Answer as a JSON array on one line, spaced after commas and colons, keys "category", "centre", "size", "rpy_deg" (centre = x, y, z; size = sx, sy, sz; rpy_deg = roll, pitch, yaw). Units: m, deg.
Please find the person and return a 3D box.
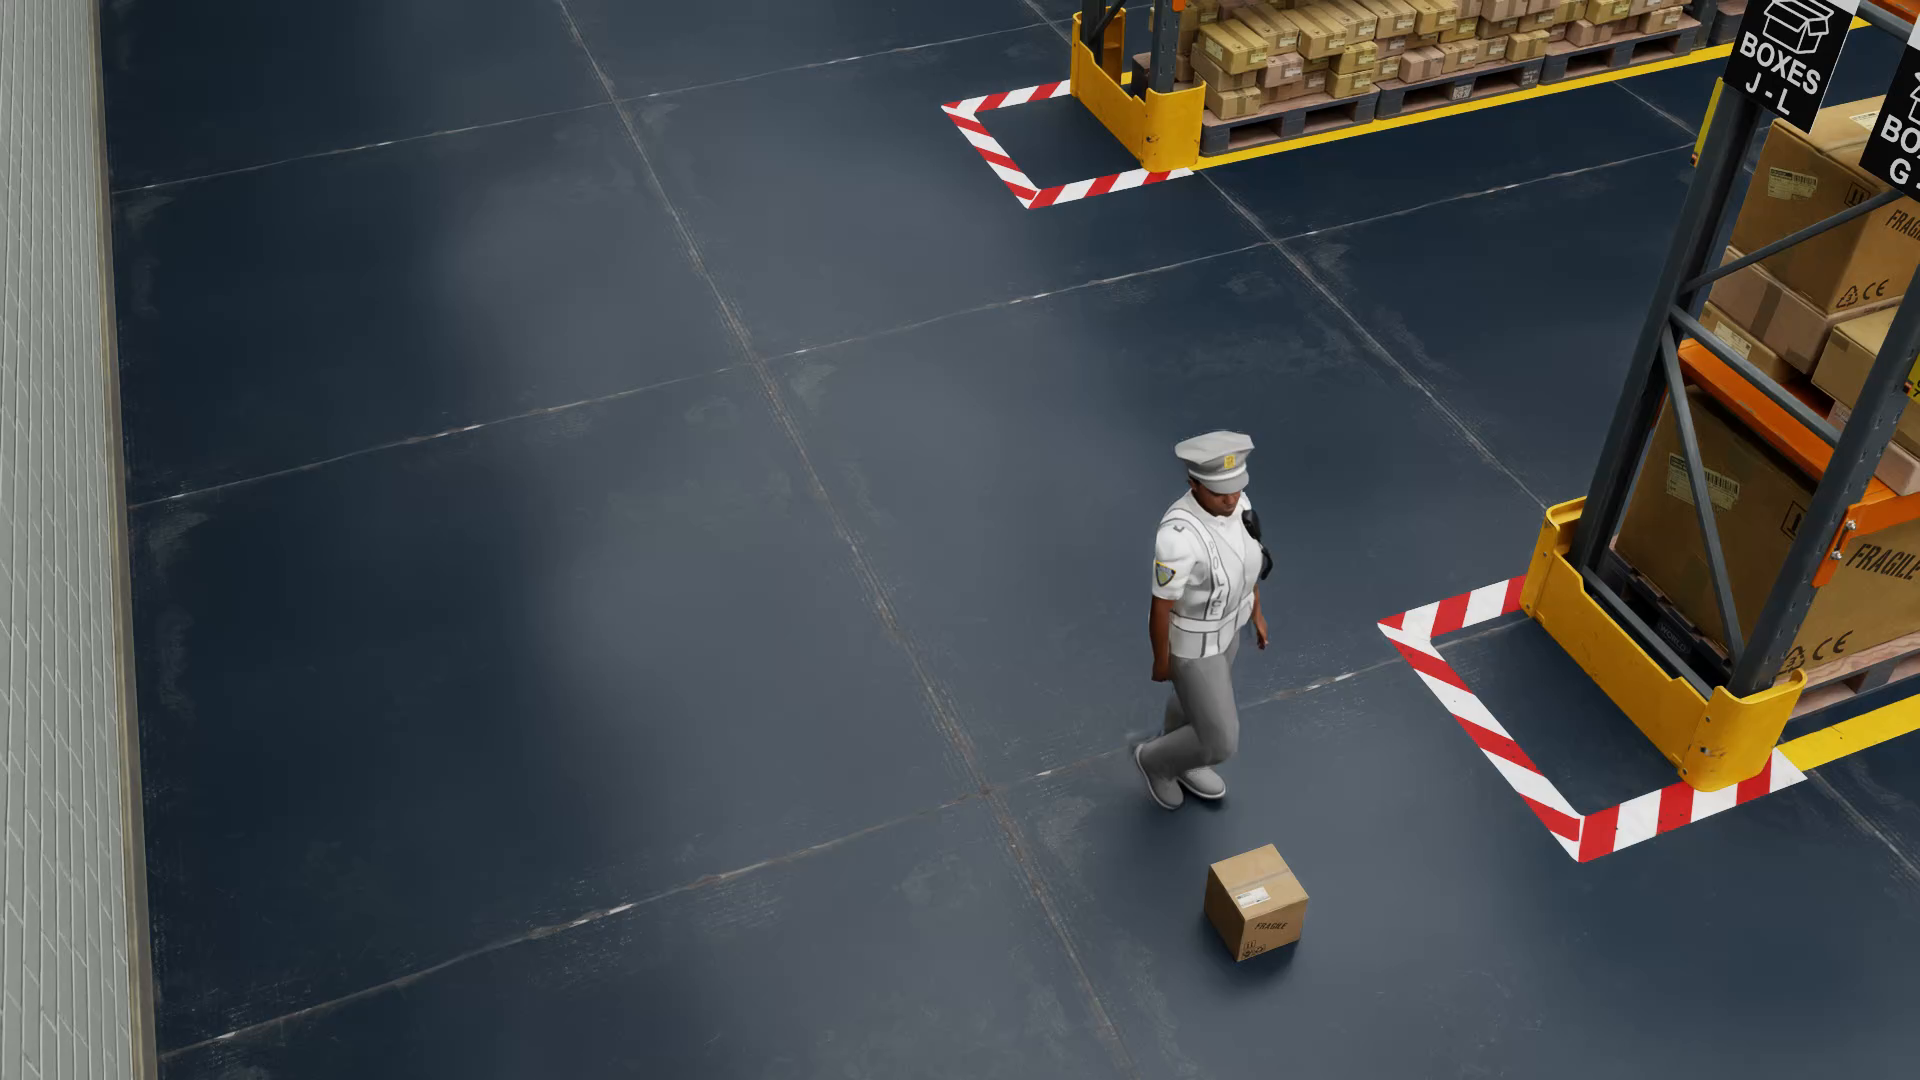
[{"category": "person", "centre": [0.873, 0.335, 5.761], "size": [0.435, 1.700, 0.466], "rpy_deg": [25, 47, 25]}]

▶ [Your objective]:
Repeat each line of the material exactly, please, and skip every picture.

▶ [Your solution]:
Answer as a JSON array on one line, spaced after commas and colons, keys "category", "centre", "size", "rpy_deg" (centre = x, y, z; size = sx, sy, sz; rpy_deg = roll, pitch, yaw). Units: m, deg.
Please find the person and return a 3D box.
[{"category": "person", "centre": [0.873, 0.335, 5.761], "size": [0.435, 1.700, 0.466], "rpy_deg": [25, 47, 25]}]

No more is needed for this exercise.